In [1]:
from sklearn.cross_validation import train_test_split
from nltk.corpus import movie_reviews as mr
import nltk
from nltk.corpus import stopwords
from nltk.probability import FreqDist
import string
from itertools import chain

test_plus_valid_perc = .2
valid_of_test_perc = .5

data = []
# create a useful dictionary from each review
for category in mr.categories():

    if category == 'pos':
        pretty_category_name = 'positive'
    elif category == 'neg':
        pretty_category_name = 'negative'

    for fileid in mr.fileids(category):

        review_words = mr.words(fileid)
        review_text = ''
        
        for word in review_words:
            review_text += ' ' + word

        review_dictionary = {
            'text': review_text,
            'sentiment': pretty_category_name
        }

        data.append(review_dictionary)
        
# create a useful dictionary from each review
train, test = train_test_split(data, test_size=test_plus_valid_perc)
test, valid = train_test_split(test, test_size=valid_of_test_perc)
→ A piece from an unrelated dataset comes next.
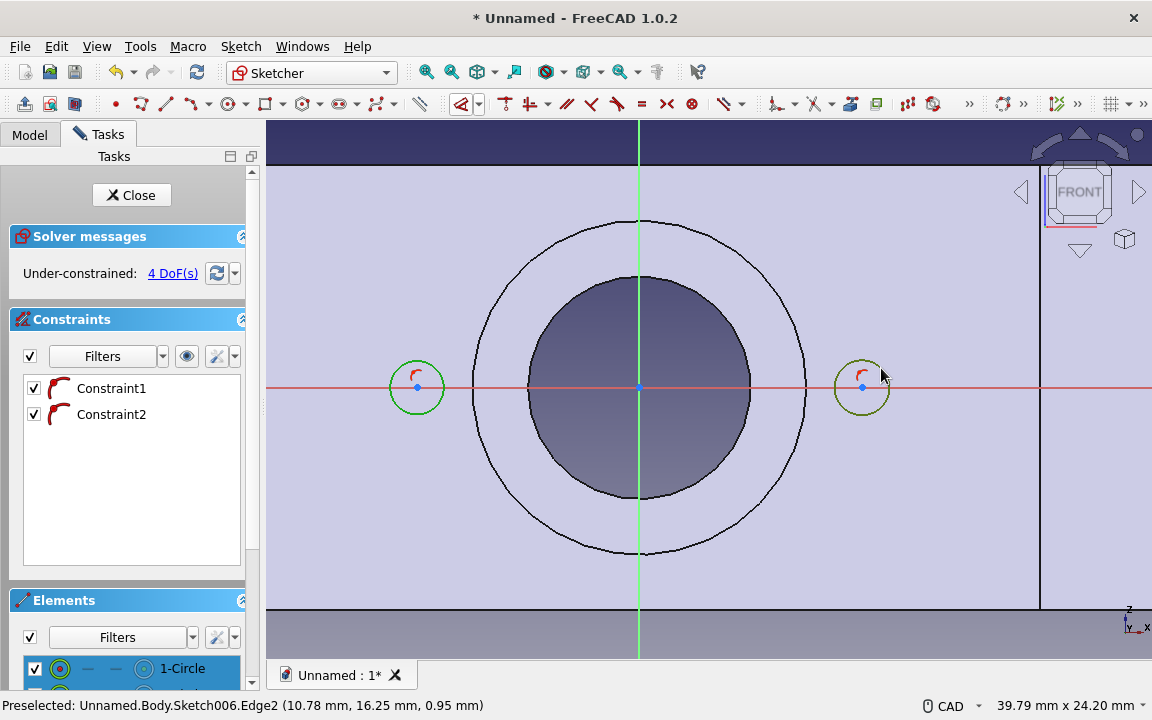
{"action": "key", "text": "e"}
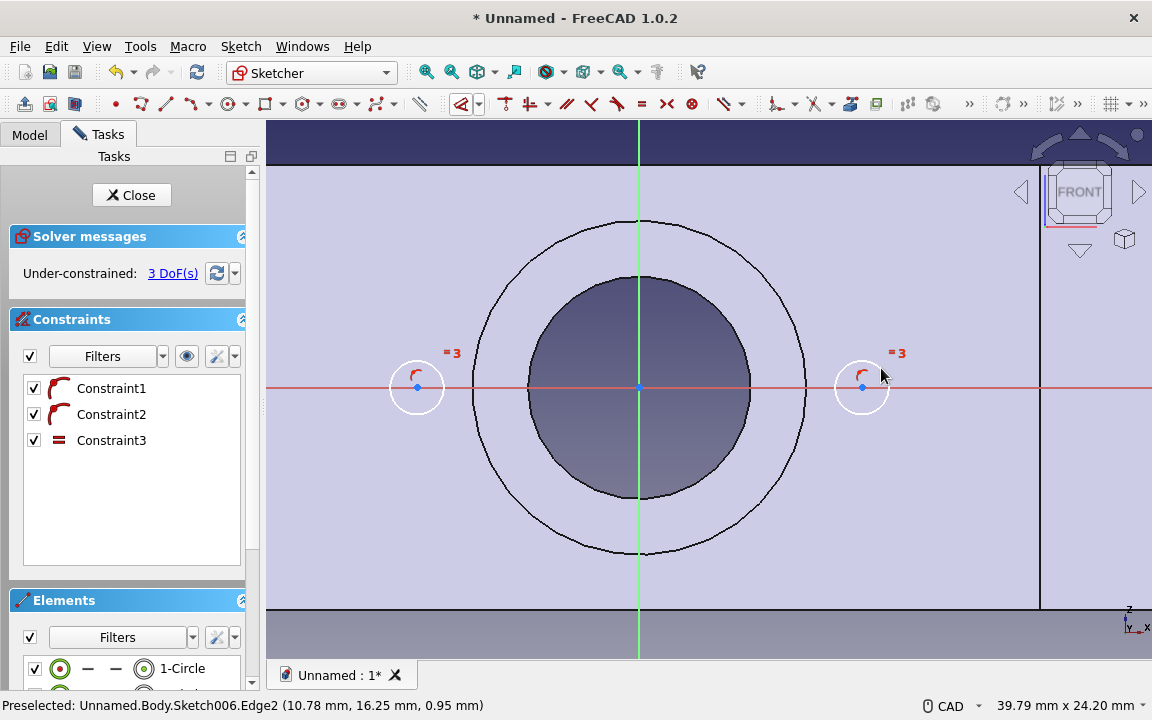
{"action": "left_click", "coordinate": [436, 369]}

def get_arrays(dictionaries):
    x = []
    y = []
    for review in dictionaries:
        x.append(review['text'])
        y.append(1 if review['sentiment'] == 'positive' else 0)
    return x, y

 # create simple train and test and validation x - y arrays   
train_x, train_y = get_arrays(train) 
test_x, test_y = get_arrays(test) 
valid_x, valid_y = get_arrays(valid) 





In [2]:
from sklearn.feature_extraction.text import TfidfVectorizer
from time import time
from sklearn.metrics import accuracy_score
from sklearn.linear_model import LogisticRegression
from sklearn.pipeline import Pipeline

def fit_and_analyze(pipeline, x_train, y_train, x_test, y_test, x_valid, y_valid):
    t0 = time()
    
    sentiment_fit = pipeline.fit(x_train, y_train)
    
    y_pred_test = sentiment_fit.predict(x_test)
    y_pred_train = sentiment_fit.predict(x_train)
    y_pred_valid = sentiment_fit.predict(x_valid)
    
    train_test_time = time() - t0
    
    accuracy_test = accuracy_score(y_test, y_pred_test)
    accuracy_train = accuracy_score(y_train, y_pred_train)
    accuracy_valid = accuracy_score(y_valid, y_pred_valid)
    print ("accuracy score test: {0:.2f}%".format(accuracy_test*100))
    print ("accuracy score train: {0:.2f}%".format(accuracy_train*100))
    print ("accuracy score valid: {0:.2f}%".format(accuracy_valid*100))
    print ("time: {0:.2f}s".format(train_test_time))
    print ("-"*50)
    return sentiment_fit 


lr = LogisticRegression()
tvec = TfidfVectorizer(min_df=2)

ngram_size = 2
features = range(500, 5000, 500)

for numFeatures in features:
    result = []
    tvec.set_params(stop_words=stopwords.words('english'), max_features=numFeatures, ngram_range=(1, ngram_size))
    checker_pipeline = Pipeline([
        ('vectorizer', tvec),
        ('classifier', lr)
    ])
    print ("Result for {} features".format(numFeatures))
    fit_and_analyze(checker_pipeline, train_x, train_y, test_x, test_y, valid_x, valid_y)


Result for 500 features
accuracy score test: 77.00%
accuracy score train: 86.69%
accuracy score valid: 81.00%
time: 6.47s
--------------------------------------------------
Result for 1000 features
accuracy score test: 83.50%
accuracy score train: 91.38%
accuracy score valid: 83.50%
time: 5.89s
--------------------------------------------------
Result for 1500 features
accuracy score test: 85.50%
accuracy score train: 93.81%
accuracy score valid: 85.00%
time: 5.73s
--------------------------------------------------
Result for 2000 features
accuracy score test: 85.50%
accuracy score train: 94.75%
accuracy score valid: 85.50%
time: 5.61s
--------------------------------------------------
Result for 2500 features
accuracy score test: 85.50%
accuracy score train: 95.25%
accuracy score valid: 87.50%
time: 5.55s
--------------------------------------------------
Result for 3000 features
accuracy score test: 85.50%
accuracy score train: 95.62%
accuracy score valid: 85.50%
time: 5.55s
--------